Located west of Tonopah, Nevada in Esmeralda and Nye Counties, this lithium project involves exploration drilling, surface mining, and construction and operation of a processing facility for the production of approximately 30,000 MT/yr of critical mineral lithium hydroxide monohydrate (LiOH). This project initially came under Permitting Council purview on June 27, 2025 as a transparency project, before project sponsor American Battery Technology Company elected to apply for FAST-41 coverage. The project is now covered under FAST-41, giving it the full benefits of the program, including the development of a coordinated project plan and dedicated project management by Permitting Council staff.
The Department of the Interior’s Bureau of Land Management serves as the lead agency for this project. Learn more about the Tonopah Flats Lithium Project on the Federal Permitting Dashboard. Learn more about the Permitting Council at permitting.gov.
About the Permitting Council and FAST-41
Established in 2015 by Title 41 of the Fixing America’s Surface Transportation Act (FAST-41), the Permitting Council is a federal agency charged with improving the transparency and predictability of the federal environmental review and authorization process for certain critical infrastructure projects. The Permitting Council is comprised of the Permitting Council Executive Director, who serves as the Council Chair; 13 federal agency Council members (including deputy secretary-level designees of the Secretaries of Agriculture, Army, Commerce, Interior, Energy, Transportation, Defense, Homeland Security, and Housing and Urban Development, the Administrator of the Environmental Protection Agency, and the Chairs of the Federal Energy Regulatory Commission, Nuclear Regulatory Commission, and the Advisory Council on Historic Preservation); and the Chair of the White House Council on Environmental Quality and the Director of the Office of Management and Budget.

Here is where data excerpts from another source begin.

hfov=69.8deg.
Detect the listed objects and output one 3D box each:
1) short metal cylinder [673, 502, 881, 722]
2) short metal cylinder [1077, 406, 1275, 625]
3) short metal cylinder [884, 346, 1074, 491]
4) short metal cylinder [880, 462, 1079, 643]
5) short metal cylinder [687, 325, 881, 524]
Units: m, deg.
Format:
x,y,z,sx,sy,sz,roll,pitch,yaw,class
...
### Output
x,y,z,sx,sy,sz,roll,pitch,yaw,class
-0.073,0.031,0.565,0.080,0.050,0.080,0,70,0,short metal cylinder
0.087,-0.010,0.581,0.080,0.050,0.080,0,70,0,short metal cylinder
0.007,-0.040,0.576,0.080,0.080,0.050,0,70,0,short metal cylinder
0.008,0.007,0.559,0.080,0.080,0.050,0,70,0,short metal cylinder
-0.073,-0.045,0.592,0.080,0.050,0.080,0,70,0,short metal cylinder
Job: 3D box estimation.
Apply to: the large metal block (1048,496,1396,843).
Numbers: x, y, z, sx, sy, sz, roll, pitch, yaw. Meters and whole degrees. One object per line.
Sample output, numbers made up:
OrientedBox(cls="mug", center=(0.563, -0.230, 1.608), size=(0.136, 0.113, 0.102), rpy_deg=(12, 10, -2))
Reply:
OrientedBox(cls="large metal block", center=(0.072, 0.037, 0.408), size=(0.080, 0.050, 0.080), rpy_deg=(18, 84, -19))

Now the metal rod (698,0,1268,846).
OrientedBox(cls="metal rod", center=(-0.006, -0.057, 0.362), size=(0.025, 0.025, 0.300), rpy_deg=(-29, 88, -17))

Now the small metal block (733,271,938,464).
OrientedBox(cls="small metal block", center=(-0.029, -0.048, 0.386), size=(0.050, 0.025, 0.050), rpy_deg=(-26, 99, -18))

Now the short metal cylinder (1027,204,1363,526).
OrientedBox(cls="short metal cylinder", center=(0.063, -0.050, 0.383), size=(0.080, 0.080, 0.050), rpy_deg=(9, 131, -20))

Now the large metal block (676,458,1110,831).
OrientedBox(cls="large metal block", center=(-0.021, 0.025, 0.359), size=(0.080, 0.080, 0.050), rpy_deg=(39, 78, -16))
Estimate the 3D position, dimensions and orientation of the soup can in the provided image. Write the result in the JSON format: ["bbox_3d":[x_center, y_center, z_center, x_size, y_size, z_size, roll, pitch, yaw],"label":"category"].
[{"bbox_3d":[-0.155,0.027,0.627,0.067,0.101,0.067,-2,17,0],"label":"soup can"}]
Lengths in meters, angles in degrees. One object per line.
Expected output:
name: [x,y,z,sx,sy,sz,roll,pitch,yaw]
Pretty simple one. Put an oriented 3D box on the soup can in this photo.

The Permitting Council coordinates federal environmental reviews and authorizations for projects that seek and qualify for FAST-41 coverage. FAST-41 covered projects are entitled to comprehensive permitting timetables and transparent, collaborative management of those timetables on the Federal Permitting Dashboard. FAST-41 covered projects may be in the energy production, electricity transmission, energy storage, surface transportation, aviation, ports and waterways, water resource, broadband, pipelines, manufacturing, mining, carbon capture, semiconductors, artificial intelligence and machine learning, high-performance computing and advanced computer hardware and software, quantum information science and technology, data storage and data management, and cybersecurity sectors.
The Permitting Council also serves as a federal center for permitting excellence, supporting federal efforts to improve infrastructure permitting including and beyond FAST-41 covered projects to the extent authorized by law, including activities that promote or provide for the efficient, timely, and predictable completion of environmental reviews and authorizations for federally-authorized infrastructure projects.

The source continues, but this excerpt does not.